Data extracted from a collection:
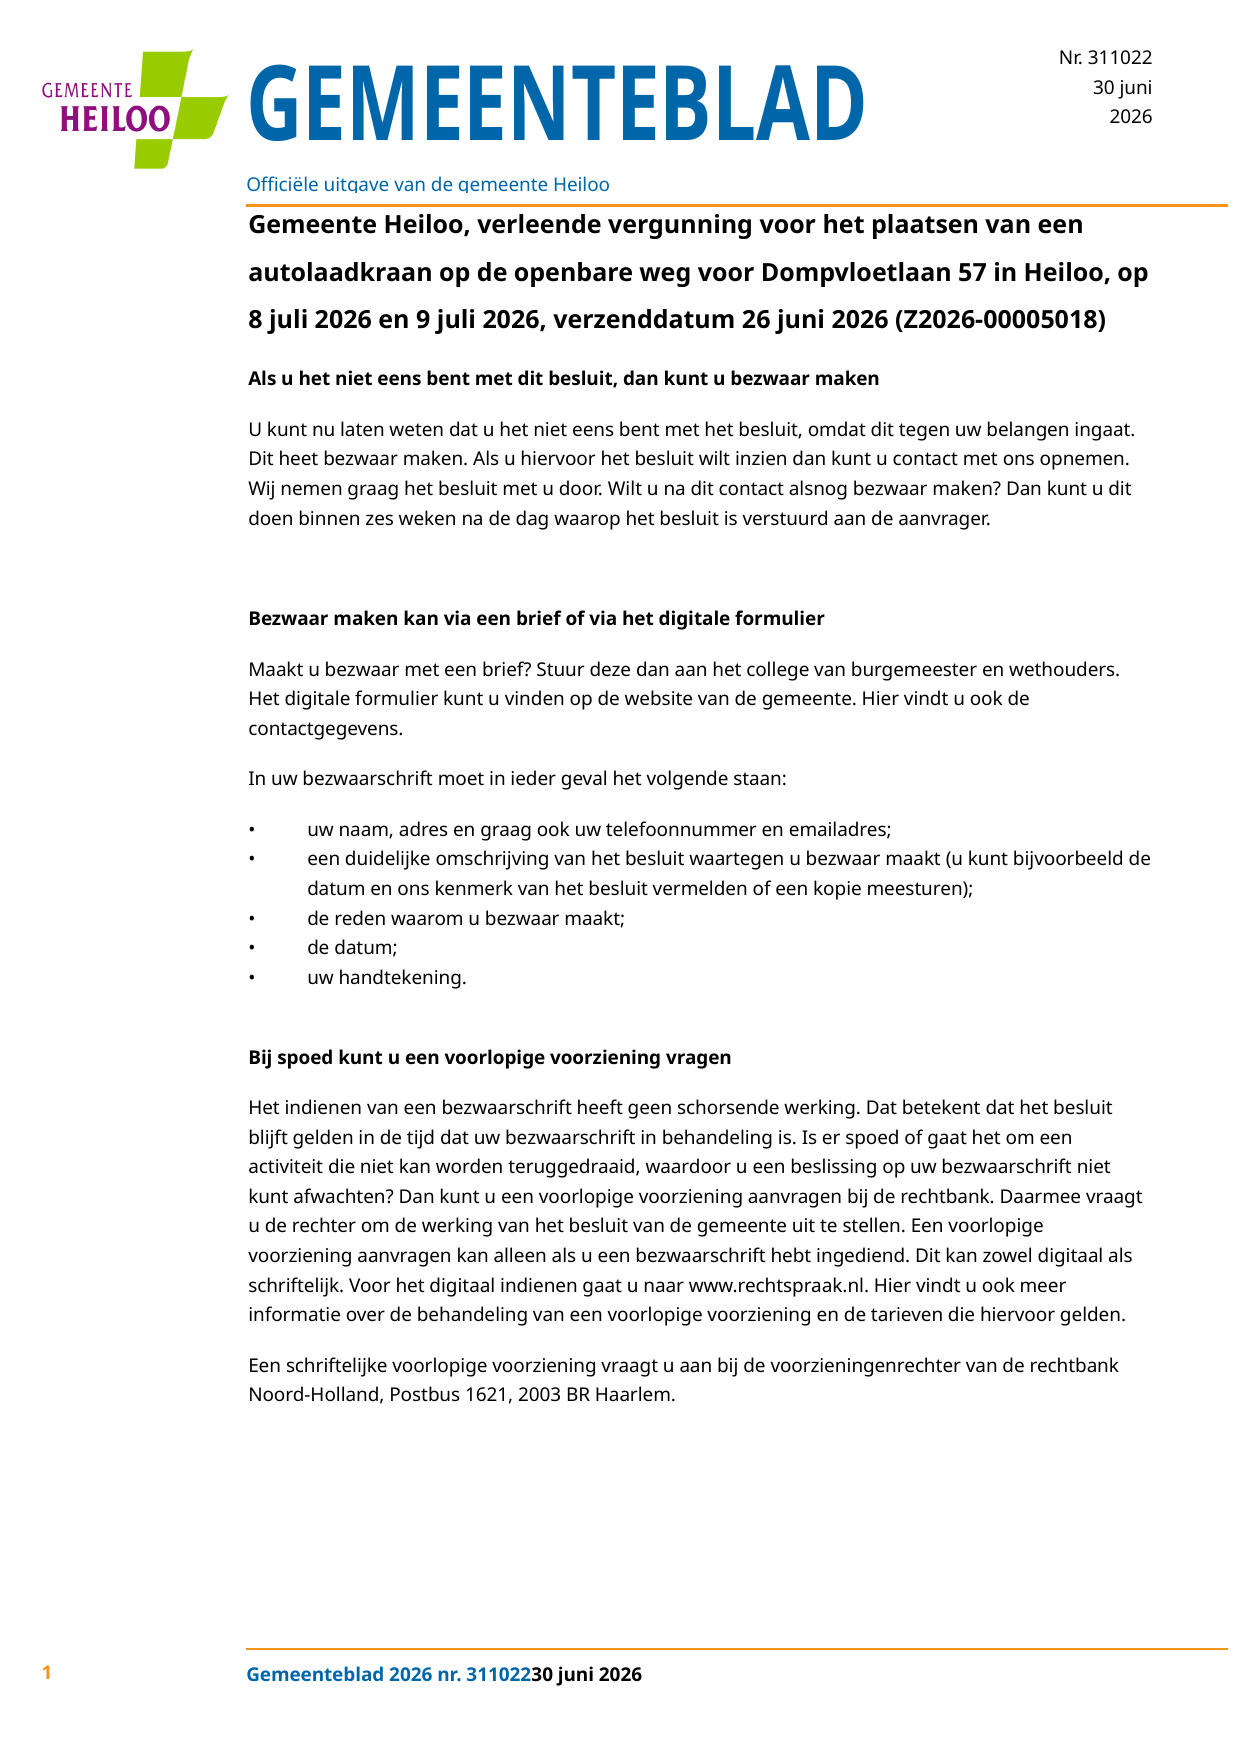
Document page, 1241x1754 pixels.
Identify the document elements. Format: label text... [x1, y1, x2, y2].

text Een schriftelijke voorlopige voorziening vraagt u aan bij de voorzieningenrechter van de rechtbank Noord-Holland, Postbus 1621, 2003 BR Haarlem. [248, 1352, 1152, 1407]
text Het indienen van een bezwaarschrift heeft geen schorsende werking. Dat betekent dat het besluit blijft gelden in de tijd dat uw bezwaarschrift in behandeling is. Is er spoed of gaat het om een activiteit die niet kan worden teruggedraaid, waardoor u een beslissing op uw bezwaarschrift niet kunt afwachten? Dan kunt u een voorlopige voorziening aanvragen bij de rechtbank. Daarmee vraagt u de rechter om de werking van het besluit van de gemeente uit te stellen. Een voorlopige voorziening aanvragen kan alleen als u een bezwaarschrift hebt ingediend. Dit kan zowel digitaal als schriftelijk. Voor het digitaal indienen gaat u naar www.rechtspraak.nl. Hier vindt u ook meer informatie over de behandeling van een voorlopige voorziening en de tarieven die hiervoor gelden. [248, 1094, 1152, 1327]
list uw naam, adres en graag ook uw telefoonnummer en emailadres; [248, 816, 1152, 842]
text U kunt nu laten weten dat u het niet eens bent met het besluit, omdat dit tegen uw belangen ingaat. Dit heet bezwaar maken. Als u hiervoor het besluit wilt inzien dan kunt u contact met ons opnemen. Wij nemen graag het besluit met u door. Wilt u na dit contact alsnog bezwaar maken? Dan kunt u dit doen binnen zes weken na de dag waarop het besluit is verstuurd aan de aanvrager. [248, 416, 1152, 530]
text Bezwaar maken kan via een brief of via het digitale formulier [248, 606, 1152, 631]
text Gemeente Heiloo, verleende vergunning voor het plaatsen van een autolaadkraan op de openbare weg voor Dompvloetlaan 57 in Heiloo, op 8 juli 2026 en 9 juli 2026, verzenddatum 26 juni 2026 (Z2026-00005018) [248, 207, 1152, 336]
list de datum; [248, 934, 1152, 960]
text Maakt u bezwaar met een brief? Stuur deze dan aan het college van burgemeester en wethouders. Het digitale formulier kunt u vinden op de website van de gemeente. Hier vindt u ook de contactgegevens. [248, 656, 1152, 741]
list uw handtekening. [248, 964, 1152, 989]
text Als u het niet eens bent met dit besluit, dan kunt u bezwaar maken [248, 366, 1152, 391]
text In uw bezwaarschrift moet in ieder geval het volgende staan: [248, 766, 1152, 791]
text Bij spoed kunt u een voorlopige voorziening vragen [248, 1044, 1152, 1069]
picture [41, 47, 231, 172]
list de reden waarom u bezwaar maakt; [248, 905, 1152, 930]
list een duidelijke omschrijving van het besluit waartegen u bezwaar maakt (u kunt bijvoorbeeld de datum en ons kenmerk van het besluit vermelden of een kopie meesturen); [248, 846, 1152, 901]
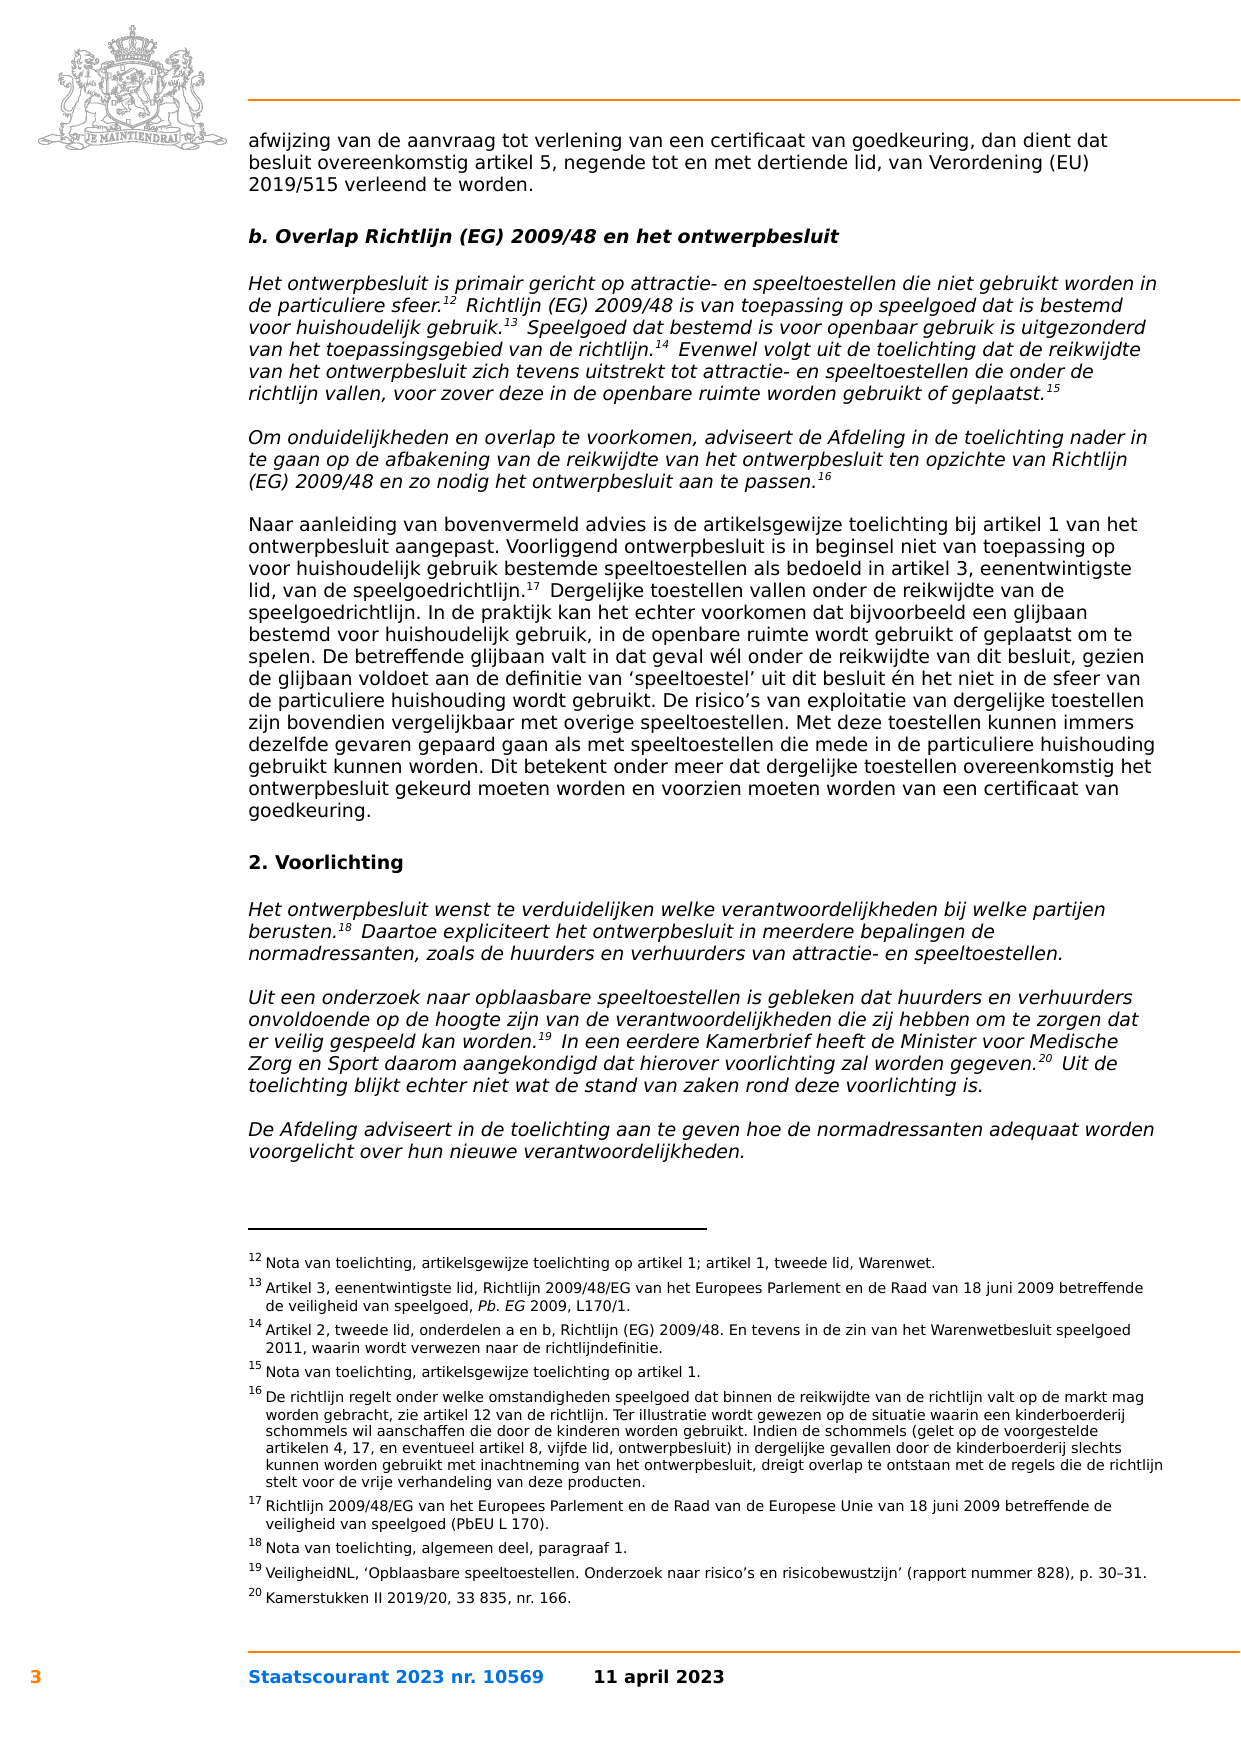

Task to complete: With the pictures omitted, restate every entry above word for word.

Answer for the task:
Document page, 1241x1754 pixels.
Identify the document elements. Format: label text... [x1, y1, x2, y2].

text Een schriftelijke voorlopige voorziening vraagt u aan bij de voorzieningenrechter van de rechtbank Noord-Holland, Postbus 1621, 2003 BR Haarlem. [248, 1352, 1152, 1407]
text Het indienen van een bezwaarschrift heeft geen schorsende werking. Dat betekent dat het besluit blijft gelden in de tijd dat uw bezwaarschrift in behandeling is. Is er spoed of gaat het om een activiteit die niet kan worden teruggedraaid, waardoor u een beslissing op uw bezwaarschrift niet kunt afwachten? Dan kunt u een voorlopige voorziening aanvragen bij de rechtbank. Daarmee vraagt u de rechter om de werking van het besluit van de gemeente uit te stellen. Een voorlopige voorziening aanvragen kan alleen als u een bezwaarschrift hebt ingediend. Dit kan zowel digitaal als schriftelijk. Voor het digitaal indienen gaat u naar www.rechtspraak.nl. Hier vindt u ook meer informatie over de behandeling van een voorlopige voorziening en de tarieven die hiervoor gelden. [248, 1094, 1152, 1327]
list uw naam, adres en graag ook uw telefoonnummer en emailadres; [248, 816, 1152, 842]
text U kunt nu laten weten dat u het niet eens bent met het besluit, omdat dit tegen uw belangen ingaat. Dit heet bezwaar maken. Als u hiervoor het besluit wilt inzien dan kunt u contact met ons opnemen. Wij nemen graag het besluit met u door. Wilt u na dit contact alsnog bezwaar maken? Dan kunt u dit doen binnen zes weken na de dag waarop het besluit is verstuurd aan de aanvrager. [248, 416, 1152, 530]
text Bezwaar maken kan via een brief of via het digitale formulier [248, 606, 1152, 631]
text Gemeente Heiloo, verleende vergunning voor het plaatsen van een autolaadkraan op de openbare weg voor Dompvloetlaan 57 in Heiloo, op 8 juli 2026 en 9 juli 2026, verzenddatum 26 juni 2026 (Z2026-00005018) [248, 207, 1152, 336]
list de datum; [248, 934, 1152, 960]
text Maakt u bezwaar met een brief? Stuur deze dan aan het college van burgemeester en wethouders. Het digitale formulier kunt u vinden op de website van de gemeente. Hier vindt u ook de contactgegevens. [248, 656, 1152, 741]
list uw handtekening. [248, 964, 1152, 989]
text Als u het niet eens bent met dit besluit, dan kunt u bezwaar maken [248, 366, 1152, 391]
text In uw bezwaarschrift moet in ieder geval het volgende staan: [248, 766, 1152, 791]
text Bij spoed kunt u een voorlopige voorziening vragen [248, 1044, 1152, 1069]
picture [41, 47, 231, 172]
list de reden waarom u bezwaar maakt; [248, 905, 1152, 930]
list een duidelijke omschrijving van het besluit waartegen u bezwaar maakt (u kunt bijvoorbeeld de datum en ons kenmerk van het besluit vermelden of een kopie meesturen); [248, 846, 1152, 901]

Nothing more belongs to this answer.